Available records>

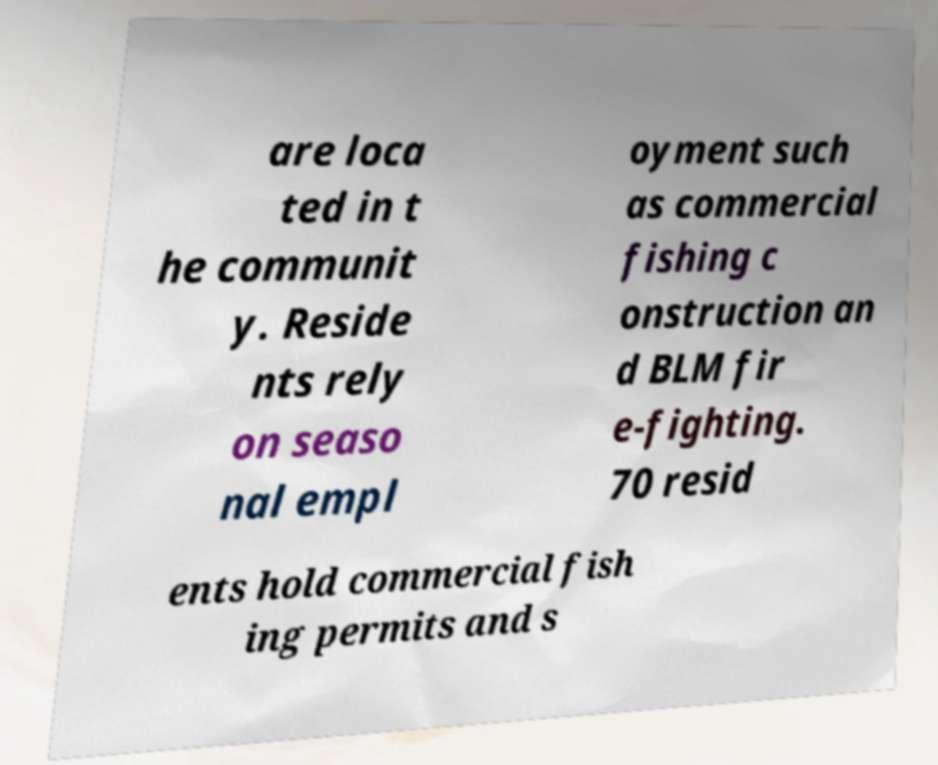Could you assist in decoding the text presented in this image and type it out clearly? are loca ted in t he communit y. Reside nts rely on seaso nal empl oyment such as commercial fishing c onstruction an d BLM fir e-fighting. 70 resid ents hold commercial fish ing permits and s 
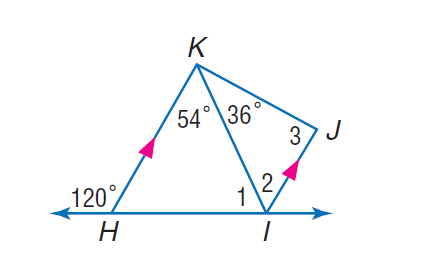Answer the mathemtical geometry problem and directly provide the correct option letter.
Question: If K H is parallel to J I, find the measure of \angle 3.
Choices: A: 36 B: 60 C: 90 D: 120 C 
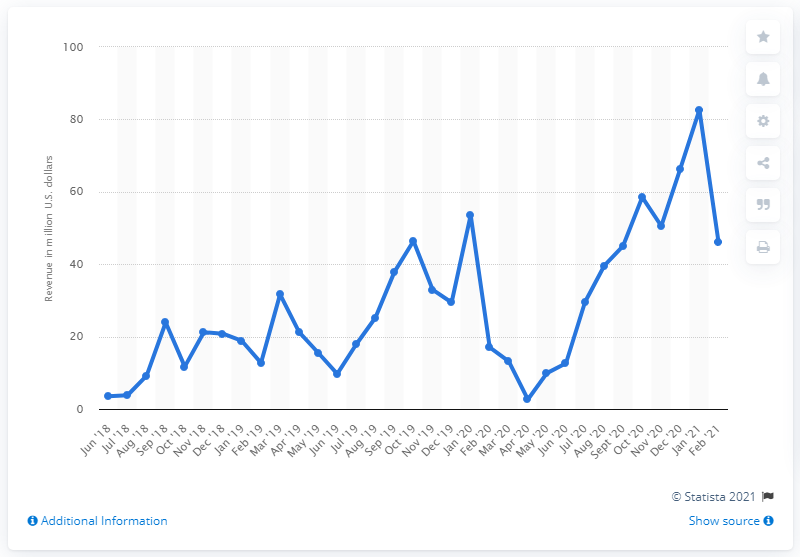Outline some significant characteristics in this image. In February 2021, New Jersey generated $46.21 million from sports betting. 
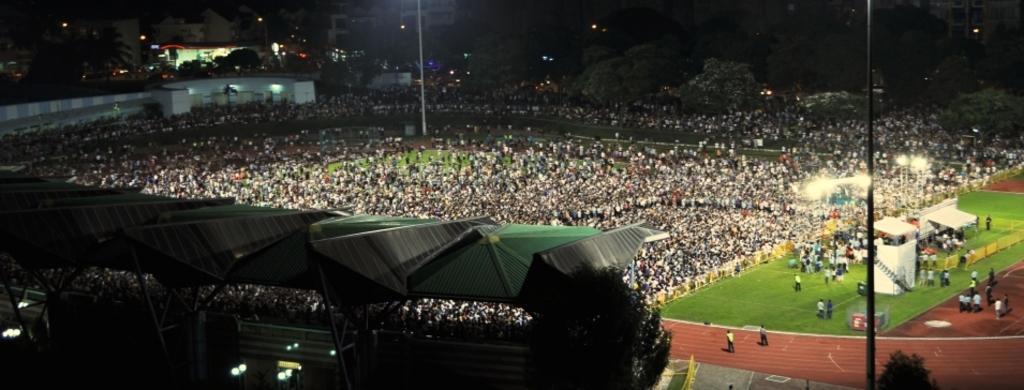Could you give a brief overview of what you see in this image? In this image we can see a crowd. Also there is a shed with rods. Also there are trees. And there are light poles. In the background there are buildings and trees. Also there are lights. At the bottom we can see an athletic track. Also we can see grass on the ground. 
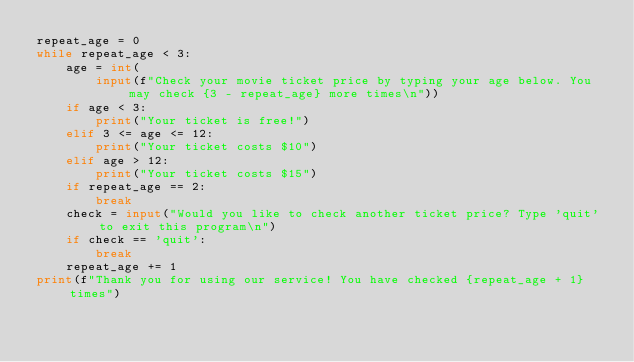<code> <loc_0><loc_0><loc_500><loc_500><_Python_>repeat_age = 0
while repeat_age < 3:
    age = int(
        input(f"Check your movie ticket price by typing your age below. You may check {3 - repeat_age} more times\n"))
    if age < 3:
        print("Your ticket is free!")
    elif 3 <= age <= 12:
        print("Your ticket costs $10")
    elif age > 12:
        print("Your ticket costs $15")
    if repeat_age == 2:
        break
    check = input("Would you like to check another ticket price? Type 'quit' to exit this program\n")
    if check == 'quit':
        break
    repeat_age += 1
print(f"Thank you for using our service! You have checked {repeat_age + 1} times")
</code>

What this task involves> Search the entries above for lines holding the string "ticket", then report only how many there are.

Solution to this problem> 5